Many organisations rely on outsourcing arrangements where their data is processed by suppliers in on, off and nearshore locations. However, while the majority of suppliers will effectively manage and protect organisations’ critical information, others may be less adept and pose a significant risk.

To identify and prioritise the level of risk posed by their suppliers, one option is for organisations to implement a supplier risk tiering model (a fundamental component of any third party risk management (TPRM) programme), which ranks risk from critical (tier 1) to low (tier 4).

By risk ranking their suppliers – ideally, through the means of a supplier risk tiering model – organisations can effectively evaluate each supplier’s business criticality and risk exposure.

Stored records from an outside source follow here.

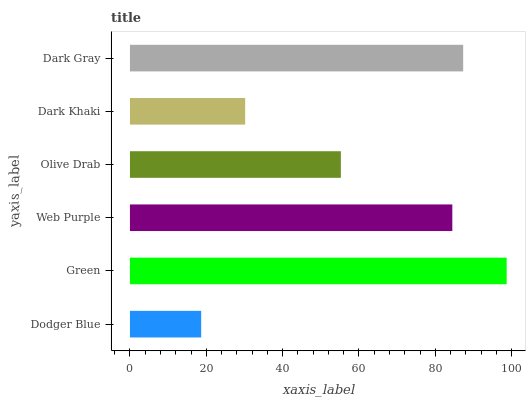Is Dodger Blue the minimum?
Answer yes or no. Yes. Is Green the maximum?
Answer yes or no. Yes. Is Web Purple the minimum?
Answer yes or no. No. Is Web Purple the maximum?
Answer yes or no. No. Is Green greater than Web Purple?
Answer yes or no. Yes. Is Web Purple less than Green?
Answer yes or no. Yes. Is Web Purple greater than Green?
Answer yes or no. No. Is Green less than Web Purple?
Answer yes or no. No. Is Web Purple the high median?
Answer yes or no. Yes. Is Olive Drab the low median?
Answer yes or no. Yes. Is Dodger Blue the high median?
Answer yes or no. No. Is Dark Gray the low median?
Answer yes or no. No. 
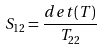Convert formula to latex. <formula><loc_0><loc_0><loc_500><loc_500>S _ { 1 2 } = \frac { d e t ( T ) } { T _ { 2 2 } }</formula> 
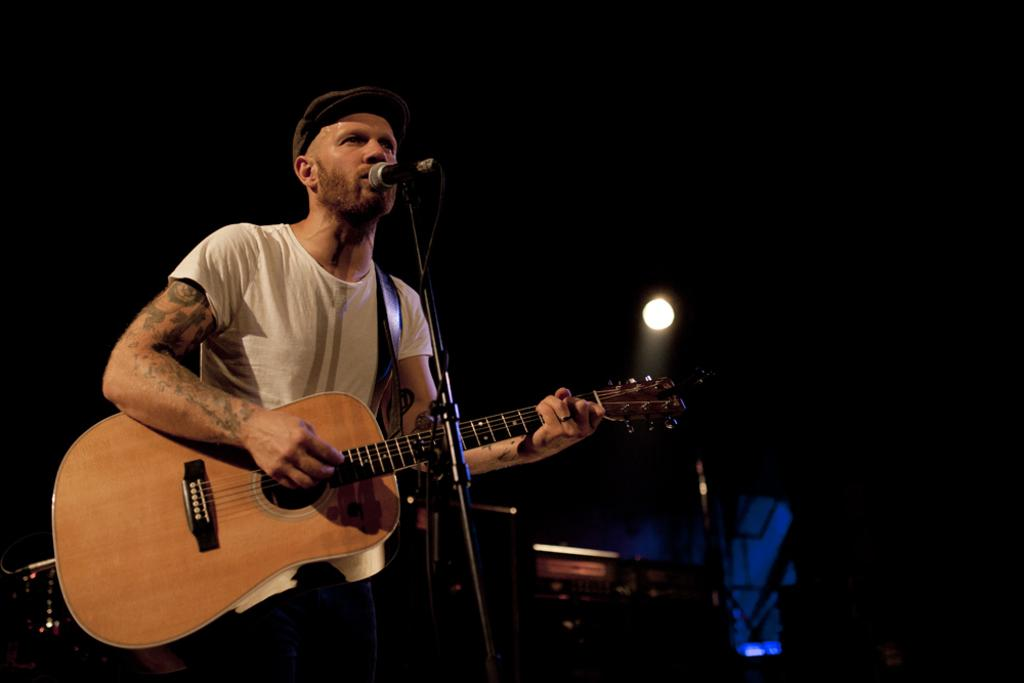What is the person in the image doing? The person is standing, playing the guitar, and singing a song. What object is the person holding in the image? The person is holding a guitar in the image. What accessory is the person wearing in the image? The person is wearing a cap in the image. What can be seen in the background of the image? There are lights and musical instruments visible in the background of the image. What type of offer is the person making to the audience in the image? There is no indication in the image that the person is making any offer to an audience. What time of day is it in the image, considering the presence of lights in the background? The presence of lights in the background does not necessarily indicate the time of day; it could be daytime or nighttime.

Designing a supplier risk tiering model

A supplier risk tiering model should be simple and practical, underpinned by ‘key risk components’ that can help organisations to: (i) collect, store, process and maintain sensitive data, including protected health information (PHI) and personal information identifiers (PII); (ii) strategically support critical functions, such as call centres; and (iii) leverage critical fourth parties to support their operations.

Throughout the design phase of the model, it is important to pressure test the model to ensure it is appropriate and relevant to the organisation’s risk appetite. Stakeholders can be engaged to provide feedback on any cyber security, legal, operations, audit and enterprise risk management-related issues, while an exploration of the supplier risk ranking methods used by industry peers and related organisations could prove beneficial.